WHAT YOU ARE ASKED TO DO:
Somewhere below are a line with "1. person at [1620, 640, 1840, 1079]" and a later line with "2. person at [1531, 431, 1612, 679]". Output exactly those lines and all lines between them.

AVAILABLE DATA:
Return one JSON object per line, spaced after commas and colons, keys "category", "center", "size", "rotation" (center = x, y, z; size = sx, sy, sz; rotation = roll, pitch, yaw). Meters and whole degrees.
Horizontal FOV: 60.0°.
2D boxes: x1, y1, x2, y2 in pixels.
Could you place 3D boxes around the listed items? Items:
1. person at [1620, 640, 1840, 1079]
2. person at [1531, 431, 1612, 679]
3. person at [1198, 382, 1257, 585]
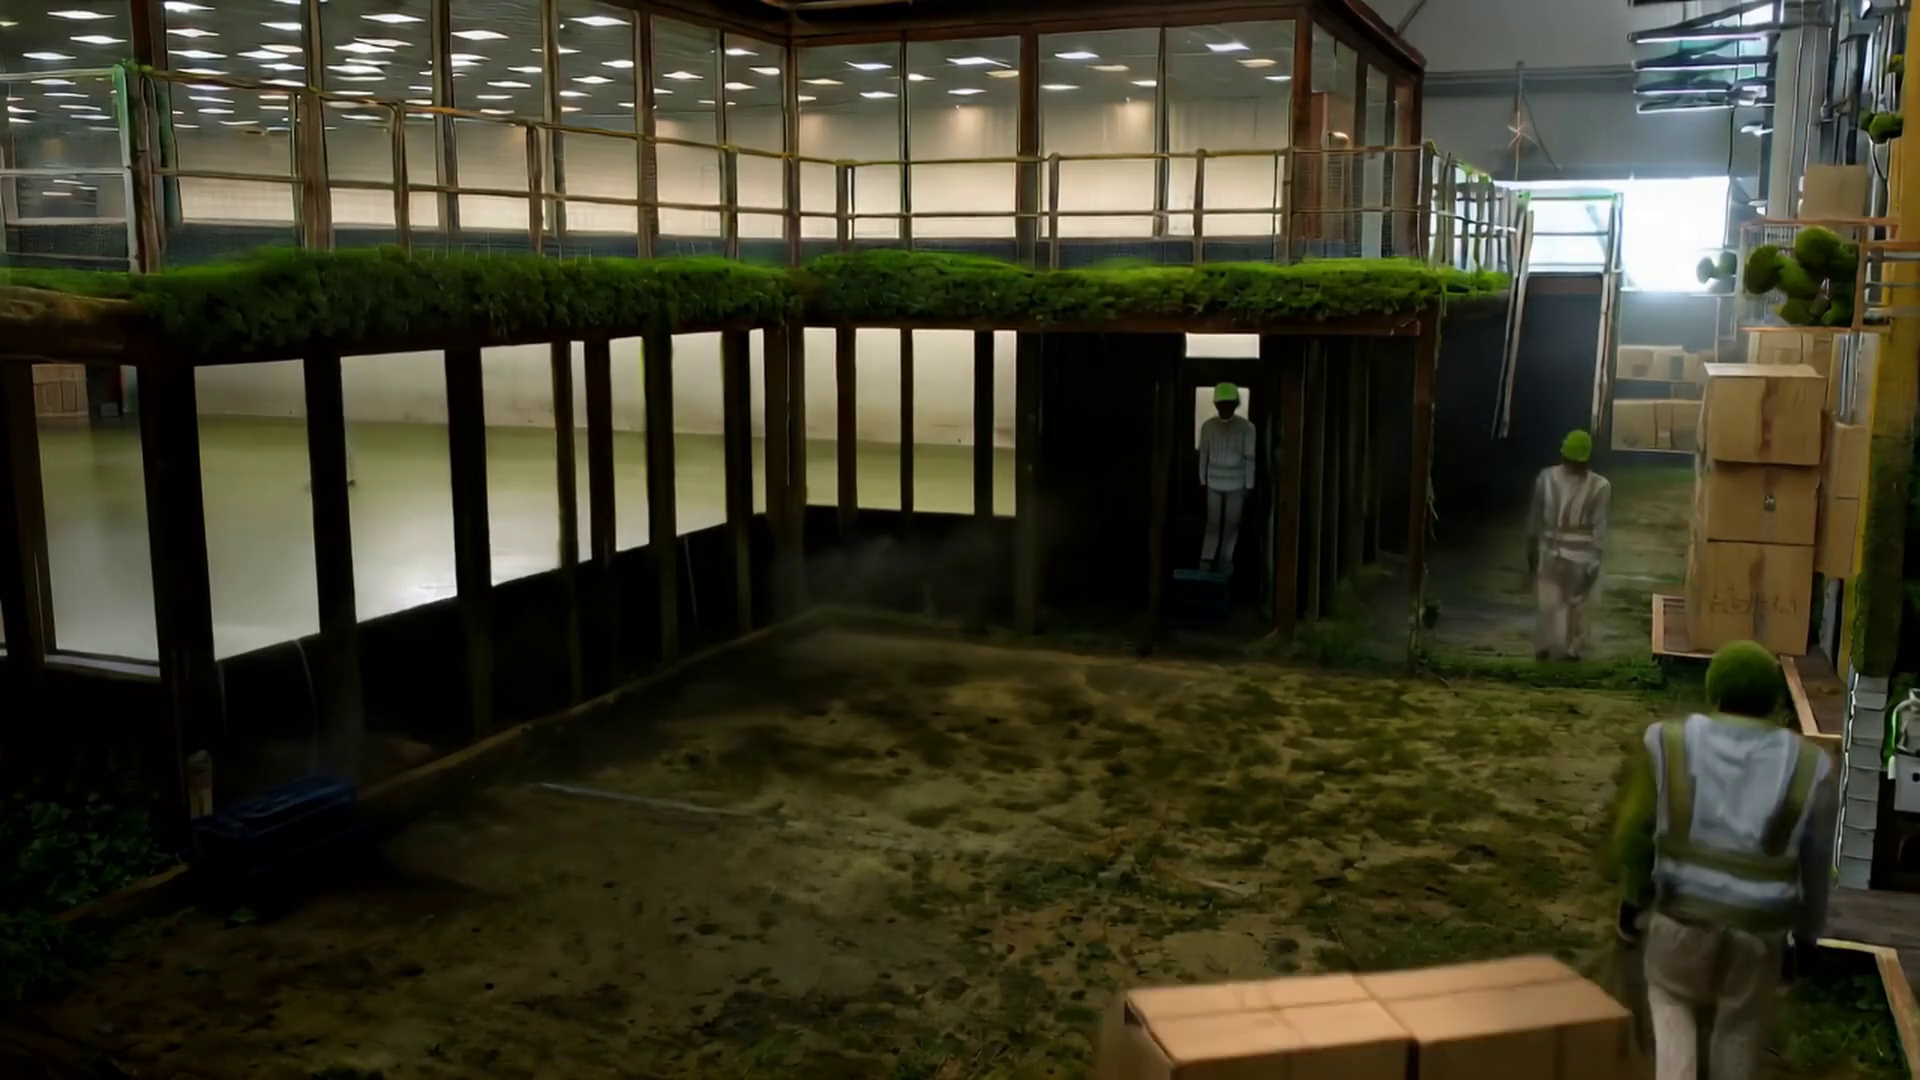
{"category": "person", "center": [2.576, 1.246, 5.616], "size": [0.648, 1.830, 0.487], "rotation": [4, 10, 23]}
{"category": "person", "center": [4.550, 0.109, 12.468], "size": [0.620, 1.877, 0.870], "rotation": [7, 11, 36]}
{"category": "person", "center": [2.592, -0.551, 16.236], "size": [0.615, 1.984, 0.409], "rotation": [8, 12, 41]}

WRITTEN SOLUTION:
1. person at [1620, 640, 1840, 1079]
2. person at [1531, 431, 1612, 679]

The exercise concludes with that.